On Sunday, 9 March 2014 at 21:38:06 UTC, Nick Sabalausky wrote:
On 3/9/2014 7:47 AM, w0rp wrote:
My knowledge of Unicode pretty much just comes from having
to deal with foreign language customers and discovering the
problems
with the code unit abstraction most languages seem to use.
(Java and
Python suffer from similar issues, but they don't really have
algorithms
in the way that we do.)
Python 2 or 3 (out of curiosity)? If you're including Python3,
then that somewhat surprises me as I thought greatly improved
Unicode was one of the biggest reasons for the jump from 2 to
3. (Although it isn't *completely* surprising since, as we all
know far too well here, fully correct Unicode is *not* easy.)

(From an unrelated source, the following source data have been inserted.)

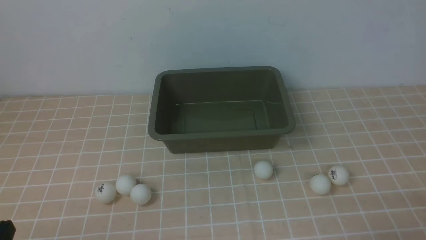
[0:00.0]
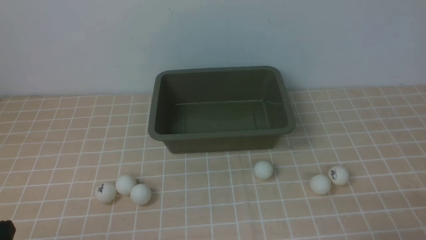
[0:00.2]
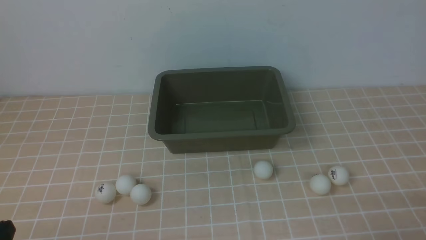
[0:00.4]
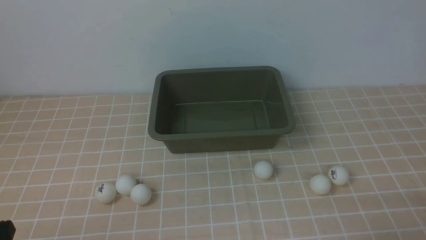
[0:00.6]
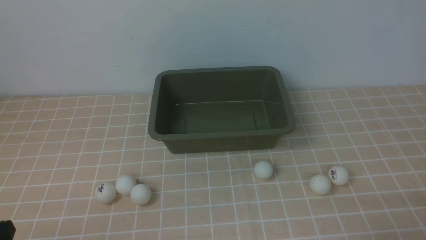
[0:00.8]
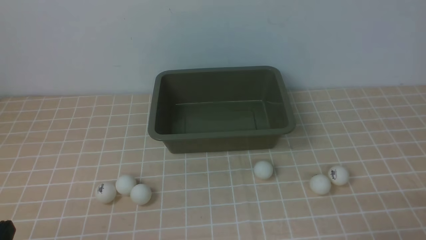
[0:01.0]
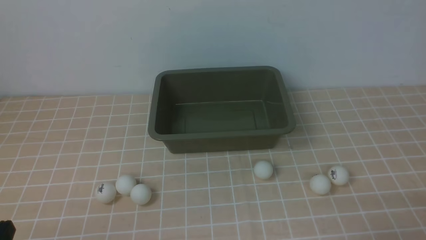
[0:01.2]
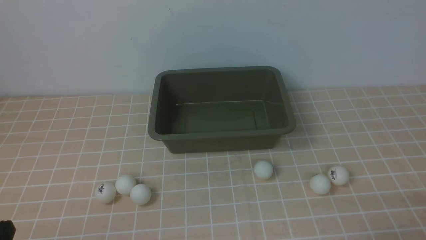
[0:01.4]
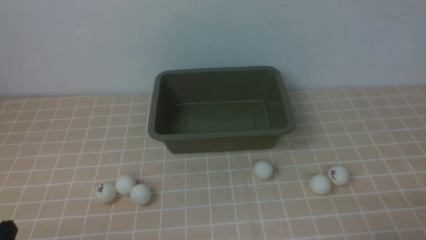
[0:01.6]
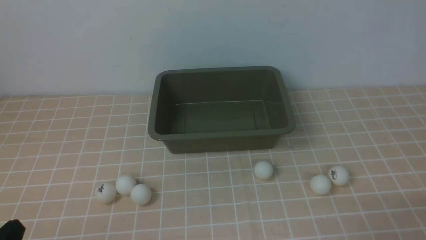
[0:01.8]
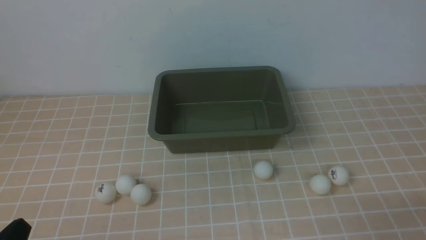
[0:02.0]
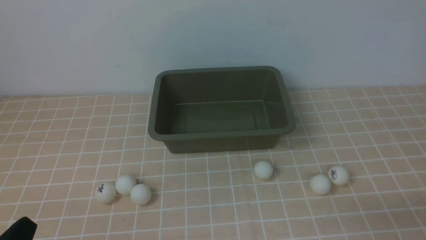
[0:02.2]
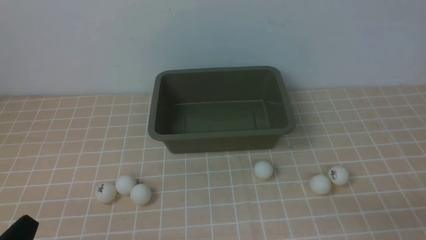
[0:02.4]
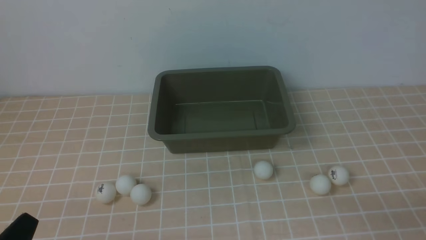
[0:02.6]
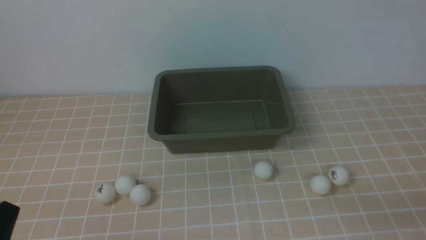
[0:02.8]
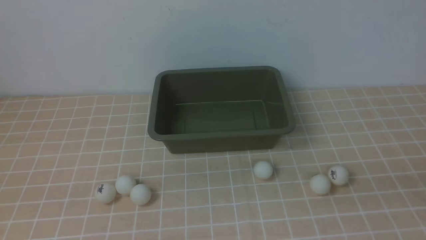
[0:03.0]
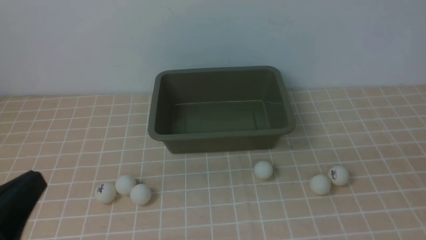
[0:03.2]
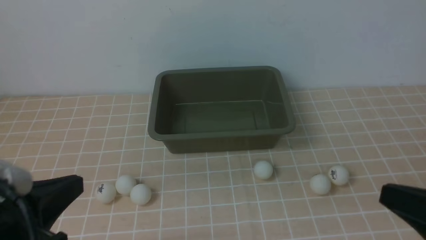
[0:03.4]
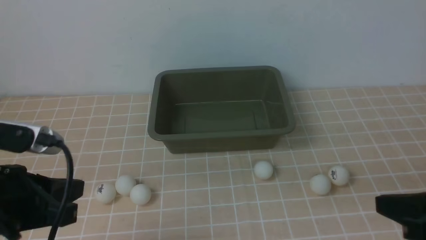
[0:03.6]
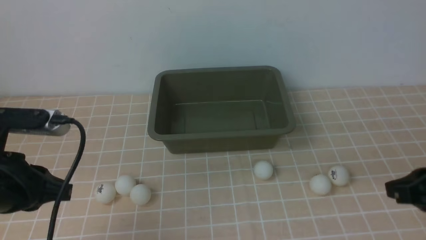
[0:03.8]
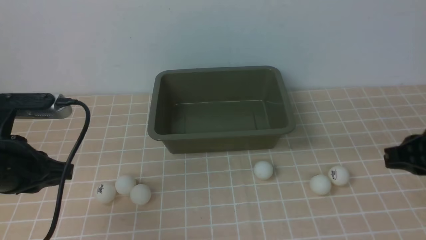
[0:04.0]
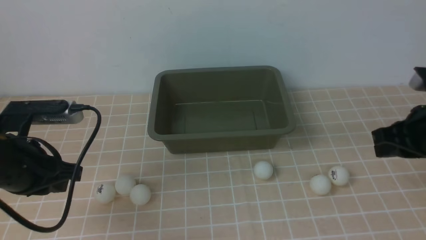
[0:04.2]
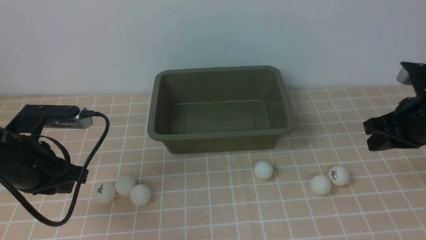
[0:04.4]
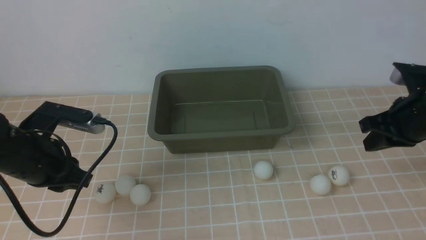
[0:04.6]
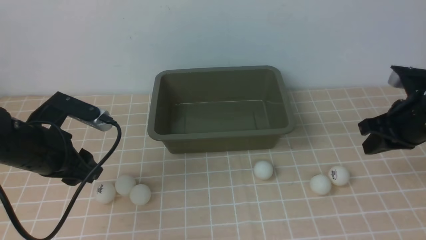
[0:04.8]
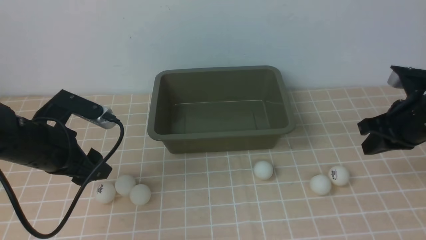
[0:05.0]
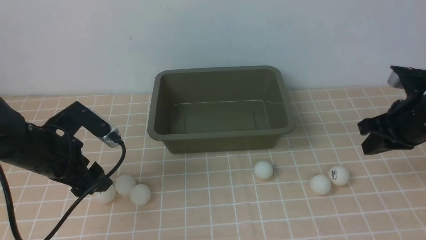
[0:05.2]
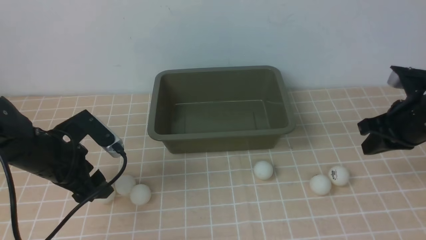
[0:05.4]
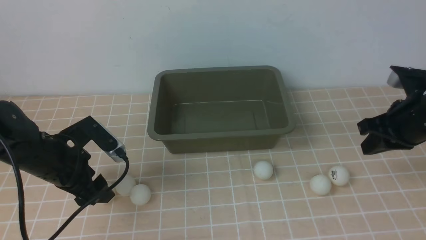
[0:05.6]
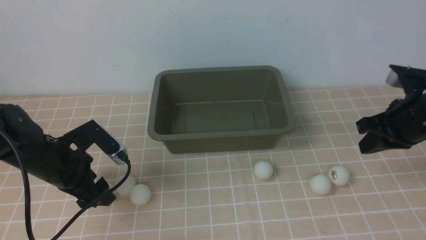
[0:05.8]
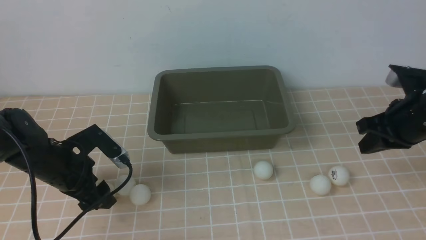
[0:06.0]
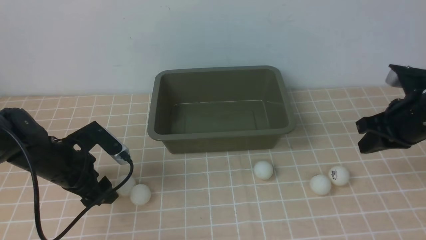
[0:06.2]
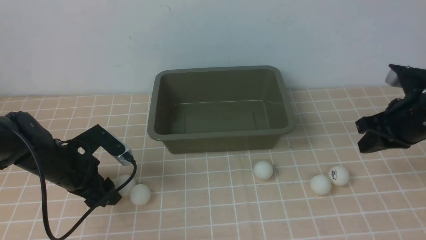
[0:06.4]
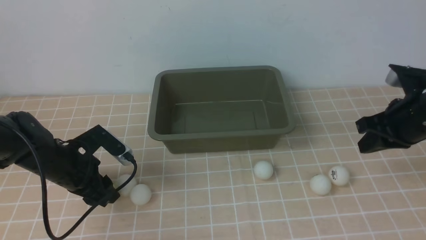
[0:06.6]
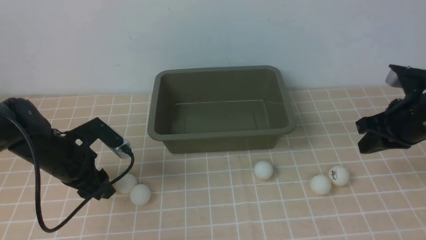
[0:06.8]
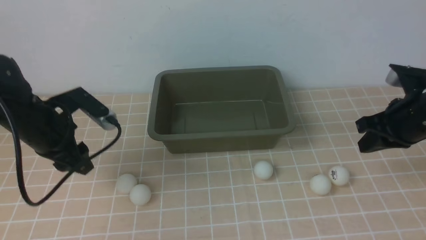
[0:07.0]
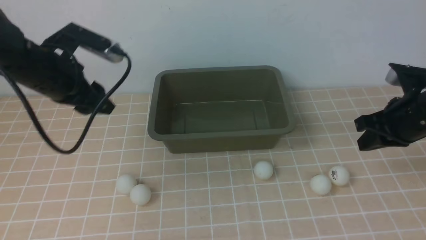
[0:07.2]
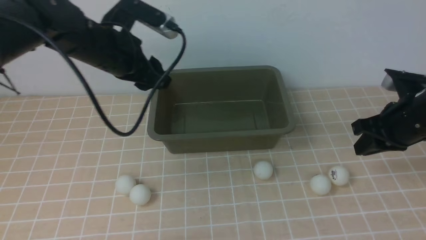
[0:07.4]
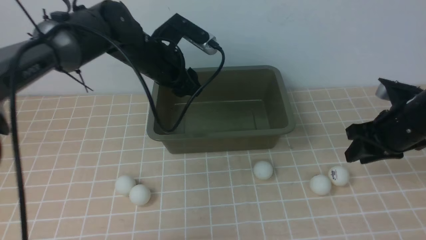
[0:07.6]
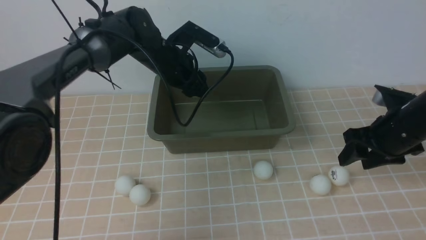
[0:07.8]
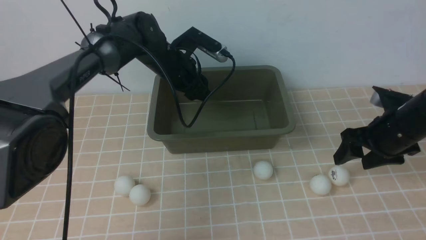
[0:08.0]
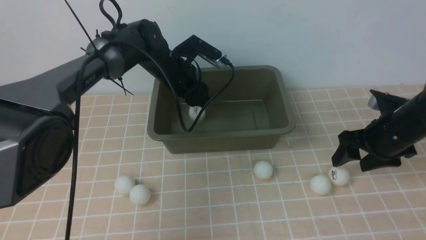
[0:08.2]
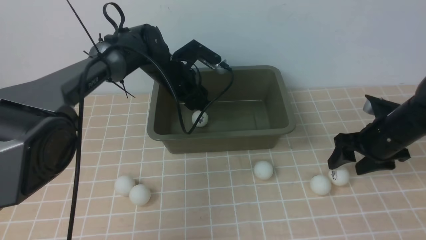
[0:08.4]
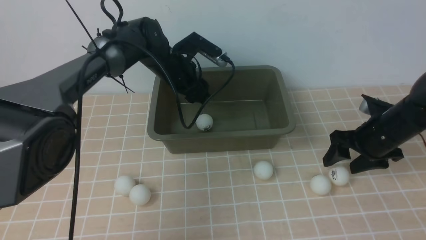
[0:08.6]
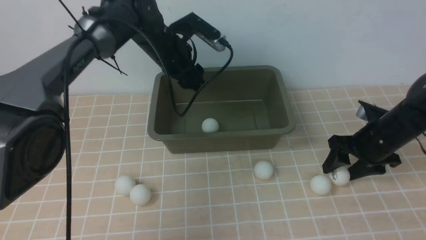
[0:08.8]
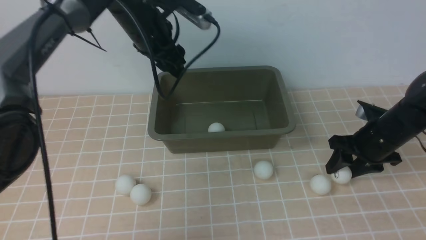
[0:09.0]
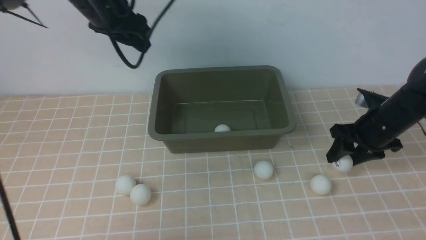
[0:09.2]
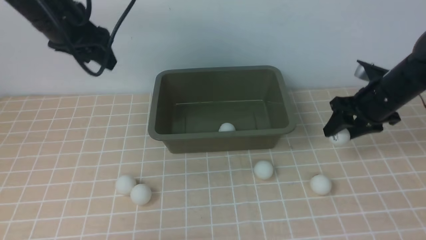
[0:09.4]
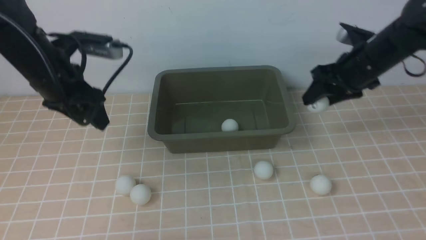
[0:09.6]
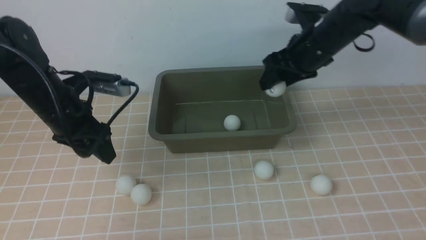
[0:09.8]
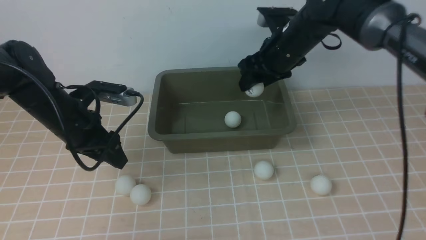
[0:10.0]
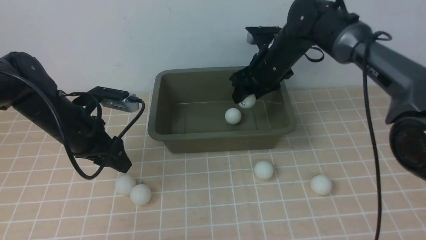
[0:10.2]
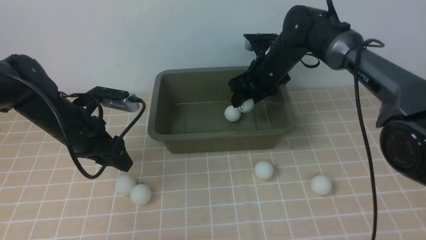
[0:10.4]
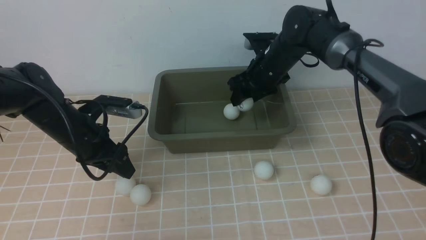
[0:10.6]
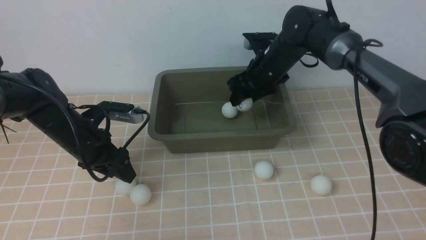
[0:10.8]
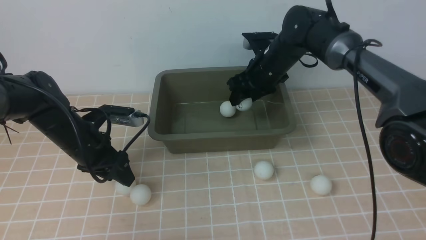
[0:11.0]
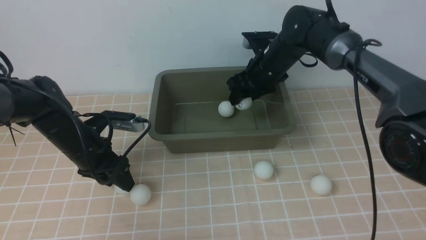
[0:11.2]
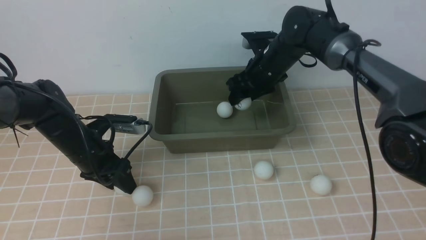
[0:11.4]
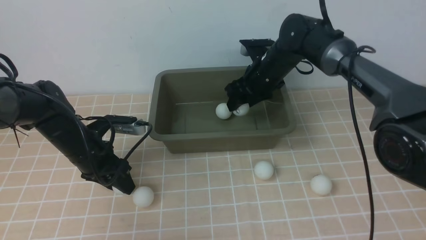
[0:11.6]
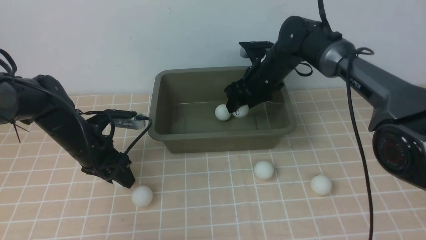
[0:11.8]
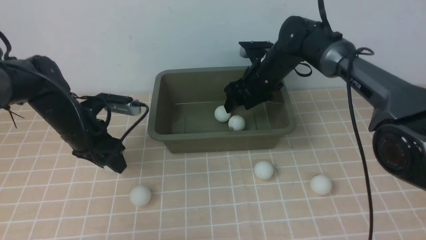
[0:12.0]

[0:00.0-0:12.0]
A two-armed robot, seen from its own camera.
Step, 0:00.0 to 0:07.0: use the left arm to clamp the table tennis ball closest to it.
Step, 0:07.2 to 0:08.0: use the left arm to put the table tennis ball into the box.
Step, 0:08.4 to 0:09.2: use the right arm to clamp the table tennis ball closest to it.
Step, 0:09.4 to 0:11.8: use the right arm to put the table tennis ball into the box.
0:03.0 to 0:04.4: The grippers both shift forward by some 20 cm.
0:04.4 to 0:06.0: The left gripper is displaced downward and forward by roughly 10 cm, and opens its fingers.
0:06.0 to 0:07.6: The left gripper moves forward, to the right and upward, some 20 cm, and closes. Meanwhile the right gripper opens its fingers.
0:07.6 to 0:09.0: The left gripper moves upward, some 5 cm, while the right gripper goes approximately 5 cm downward.
0:09.0 to 0:10.4: The right gripper is displaced to the left and forward by roughly 20 cm, while the left gripper shifts about 20 cm downward, backward and to the left.
0:10.4 to 0:12.0: The grippers stay close to where they were, moving slightly.

Late reply here. Python 3 is a lot better in terms of Unicode
support than 2. The situation in Python 2 was this.
1. The default string type is 'str', an immutable array of bytes.
2. 'str' could be one of many encodings, including UTF-16, etc.

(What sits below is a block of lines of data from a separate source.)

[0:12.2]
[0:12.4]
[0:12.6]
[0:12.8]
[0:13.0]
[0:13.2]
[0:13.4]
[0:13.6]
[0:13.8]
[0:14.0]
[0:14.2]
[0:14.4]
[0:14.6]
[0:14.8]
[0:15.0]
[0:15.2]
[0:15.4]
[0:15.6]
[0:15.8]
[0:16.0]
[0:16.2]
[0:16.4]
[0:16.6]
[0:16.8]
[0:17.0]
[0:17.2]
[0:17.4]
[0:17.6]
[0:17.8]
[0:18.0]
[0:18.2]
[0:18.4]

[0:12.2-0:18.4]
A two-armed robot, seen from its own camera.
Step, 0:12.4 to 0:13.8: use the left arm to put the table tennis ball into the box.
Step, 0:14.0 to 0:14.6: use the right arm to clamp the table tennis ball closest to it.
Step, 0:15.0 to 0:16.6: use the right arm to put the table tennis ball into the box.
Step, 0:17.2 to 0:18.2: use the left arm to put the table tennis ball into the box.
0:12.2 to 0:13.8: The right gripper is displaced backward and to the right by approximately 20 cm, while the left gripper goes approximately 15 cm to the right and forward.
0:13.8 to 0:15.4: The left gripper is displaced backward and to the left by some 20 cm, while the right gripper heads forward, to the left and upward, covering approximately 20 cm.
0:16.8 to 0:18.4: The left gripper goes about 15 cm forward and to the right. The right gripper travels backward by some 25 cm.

3. There is an extra 'unicode' type for when you want a Unicode
string.
4. Python implicltly converts between the two, often in wrong
ways, often causing exceptions to appear where you didn't expect
them to.
In 3, this changed to...
1. The default string type is still named 'str', only now it's
like the 'unicode' of olde.
2. 'bytes' is a new immutable array of bytes type like the Python
2 'str'.
3. Conversion between 'str' and 'bytes' is always explicit.
However, Python 3 works on a code point level, probably some code
unit level in fact, and you don't see very many algorithms which
take, say, combining characters into account. So Python suffers
from similar issues.